Dundee Courier: Production Of A Great Daily Newspaper

****

Reviewed by: Andrew Robertson

Dundee Courier: Production Of A Great Daily Newspaper
"Though it's relatively long it's so packed with incident and detail that it flies by." | Photo: National Library of Scotland

Commissioned by publishers DC Thomson, this silent film was produced by documentarians at the Gaumont film company. First shown in public in 1911, it was regularly screened to audiences across the Dundee area for years. The National Library of Scotland have it as part of their media collection, though you can only watch the full version at their premises.

At half an hour long it covers most aspects of the production of 'a great daily newspaper'. Celebrating 50 years of the paper, it's fascinating for several reasons. Some of these are technological: film was in its infancy but linotype was well established. Pneumatic tubes carry slips for classified adverts up for typesetting, and trams are seen on Dundee's streets. It is a steam train that carries the Courier across the Tay, however, and among the hot metal and electric lighting it's still shoe leather and string that gets papers to their readers.

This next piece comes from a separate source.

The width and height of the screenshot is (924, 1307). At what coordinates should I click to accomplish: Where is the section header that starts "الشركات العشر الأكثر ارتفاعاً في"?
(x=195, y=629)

Among the stories being drafted are football results, and there's some footage from the ground. Dundee has two teams today but they are each an amalgamation of at least two themselves. I believe that it's Dundee (not United) against Raith Rovers, but that's based on others' work. The introduction of the offside rule isn't the only significant modification in the last century.

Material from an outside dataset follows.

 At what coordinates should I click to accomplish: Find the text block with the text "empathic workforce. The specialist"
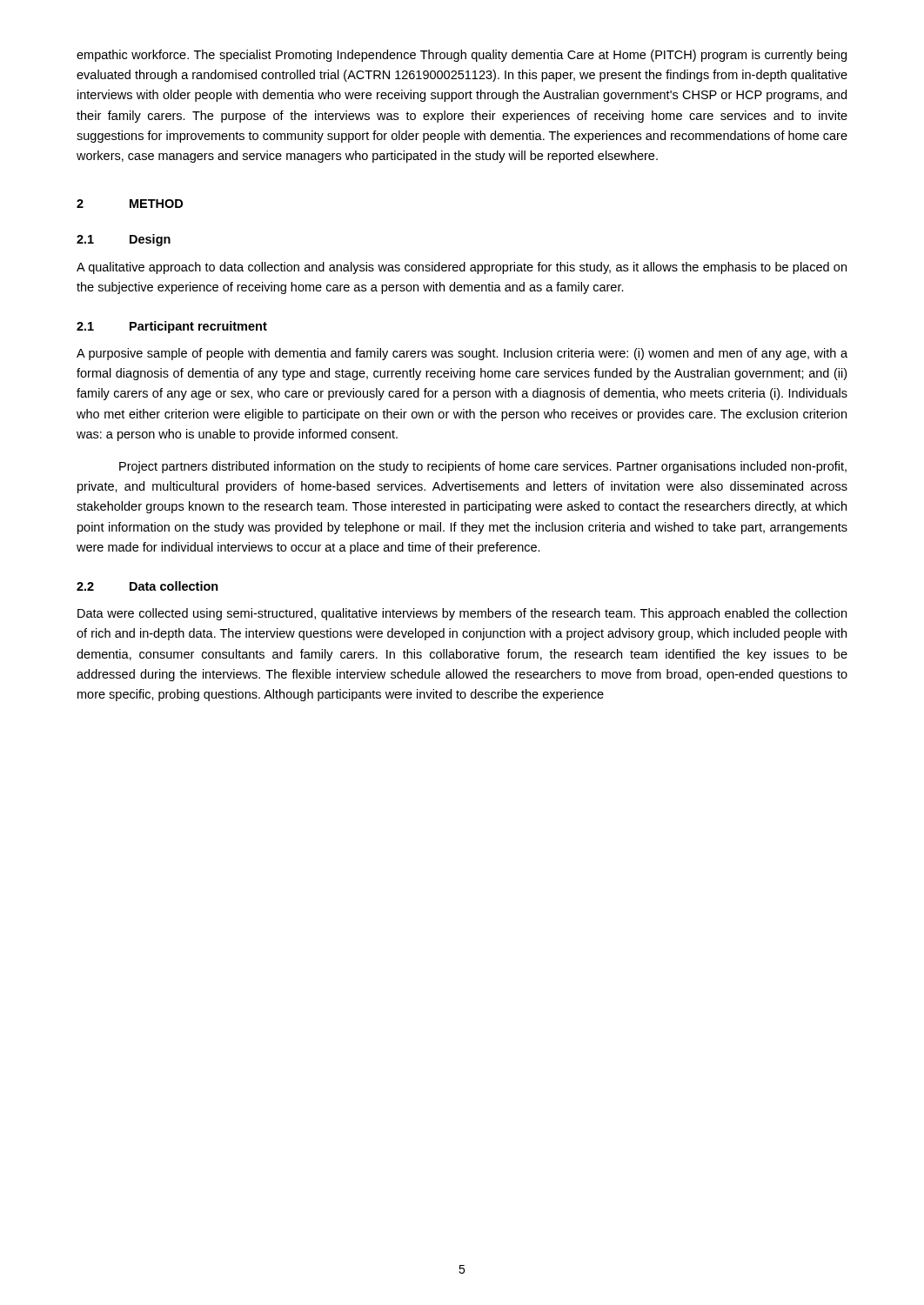(462, 106)

There are some humorous moments, or at least ones that are wryly amusing. A few times there's nerves from what passed for health and safety. Realising that the white spatter across some pieces of equipment isn't paint but lead is perhaps more chilling than the camera's vertiginous plunge down a shaft sized for plates and not people.

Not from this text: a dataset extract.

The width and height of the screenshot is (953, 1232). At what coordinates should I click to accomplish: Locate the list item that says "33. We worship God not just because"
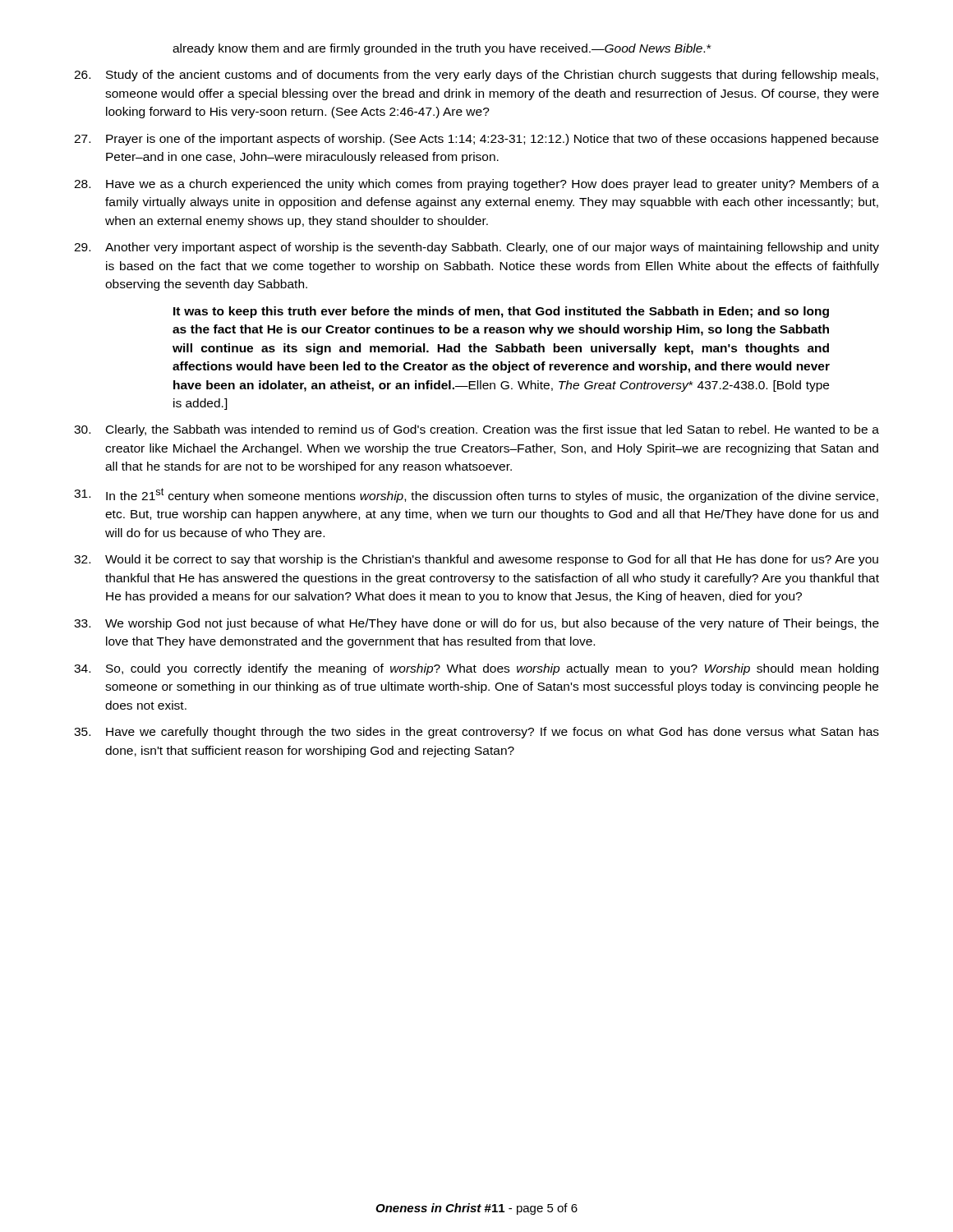pyautogui.click(x=476, y=633)

Though it's relatively long it's so packed with incident and detail that it flies by. That's even though it's silent. I don't know if there was music traditionally played at showings but it manages without. There are any number of memorable moments. I think an 'Extra Speshul [Sic] board that reads "Courier Scottish Express Disaster" is about 1910's Hawes Junction crash, where a sleeper from St Pancras to Glasgow struck another train in Cumbria. Like the football club's badge it's one of several details that might spark further research. It's possible that amateur genealogists might catch a glimpse of a great grandparent among the sea of lads and lasses streaming out to sell papers. You needn't be a Dundonian to see how much high streets have changed in a century, though there is something about the reintroduction of trams that'd set many Scots off.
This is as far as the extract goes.